# Re-programming Folding Mirrors



## jtray2006 (Nov 21, 2016)

I'm new to this forum and have two Audi's a 2014 A1 Sportback Black Edition and a 2016 TT SLine Roadster. I am wondering if there is anyone on this Forum who is able to re-programme my folding mirrors on both cars to operate on ignition rather than manually with the door control and, if so, at what price. I am in the Stockport Area. Help would be much appreciated.


----------



## Toshiba (Jul 8, 2004)

Mine do it by default. Did you order the folding option, if so you will have an option in the MMI to fold.?


----------



## jtray2006 (Nov 21, 2016)

Yes I bought both cars with the heated folding mirrors as an option which currently fold by manual operation via a switch on the door. I am female! what is this MMi?
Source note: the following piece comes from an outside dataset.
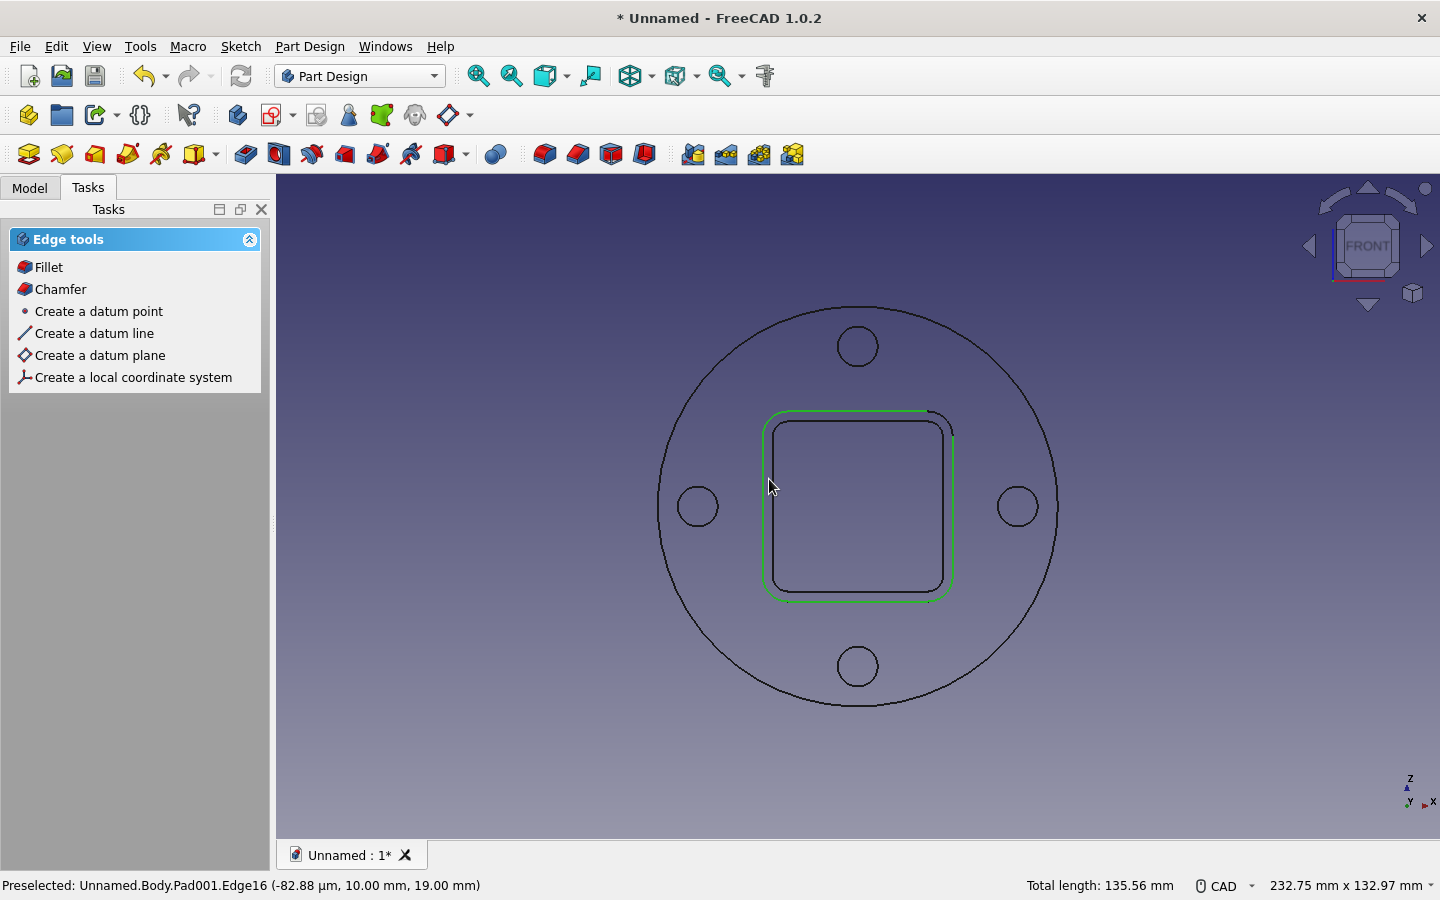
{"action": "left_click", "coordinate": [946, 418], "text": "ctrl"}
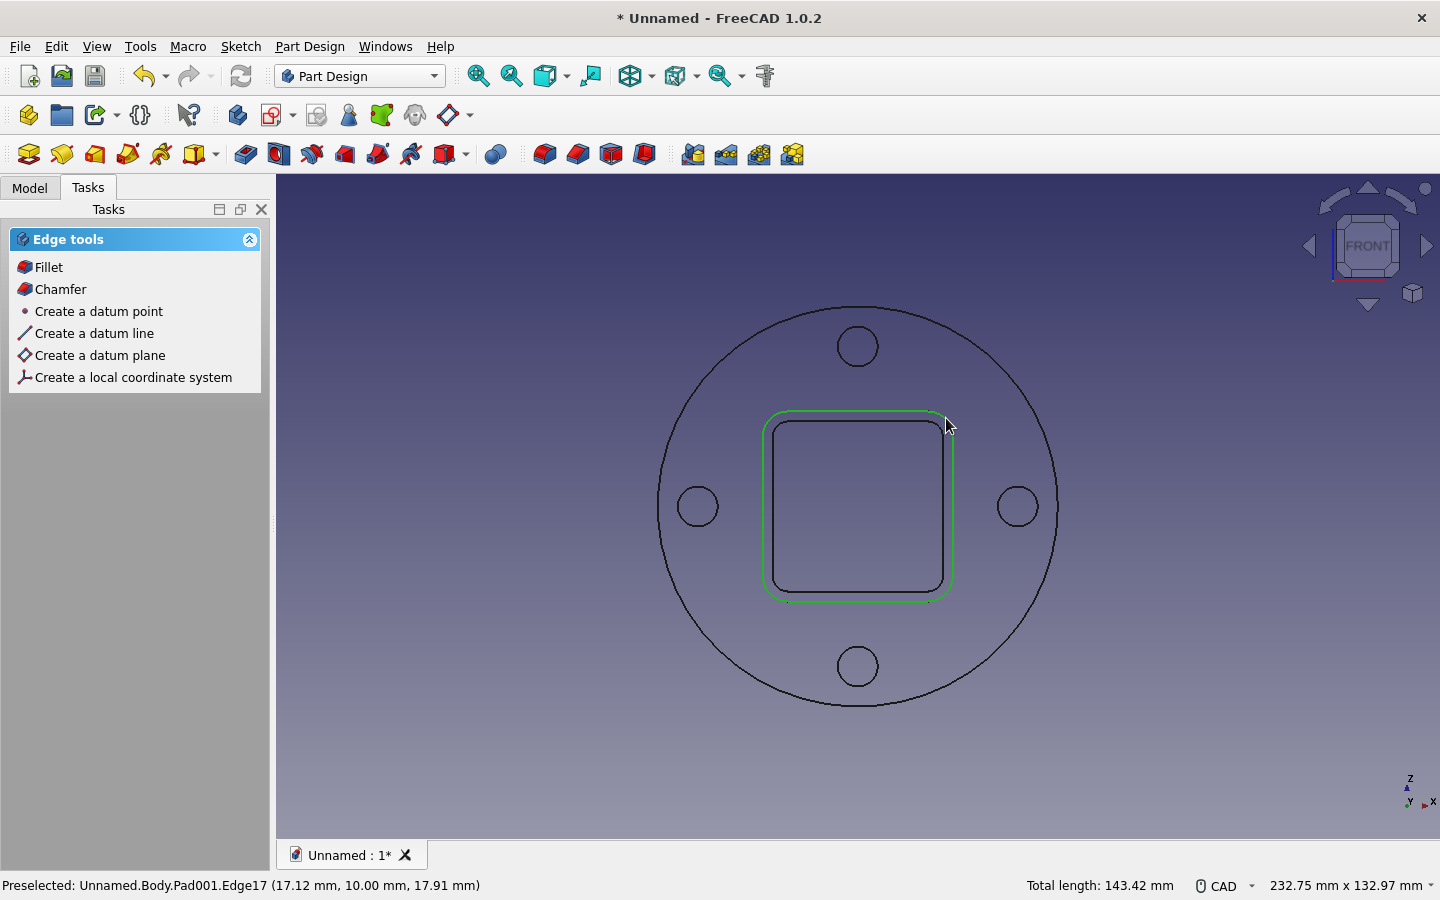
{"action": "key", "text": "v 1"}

I have been told that I need a laptop & cable to make them fold on ignition.


----------



## Toshiba (Jul 8, 2004)

"I'm female" :lol: 
The virtual cockpit system.

https://www.audiusa.com/help/video-tuto ... orial/all/
Details are also in the manual as to which menu to goto - too wet outside to walk out and take a picture..


----------



## Matrix (Apr 11, 2016)

jtray2006 said:


> Yes I bought both cars with the heated folding mirrors as an option which currently fold by manual operation via a switch on the door. I am female! what is this MMi? I have been told that I need a laptop & cable to make them fold on ignition.


They should unfold with ignition and fold on locking.


----------



## Toshiba (Jul 8, 2004)

Only IF you have the setting enabled in the menu. 
You have a choice as to the behaviour..


----------



## moro anis (May 27, 2010)

Jtray,

Welcome to the forum. I appreciate it may be difficult but as others have posted it depends if you have this option on your car then you can tick a box in a menu and Bob's your person of non specific gender.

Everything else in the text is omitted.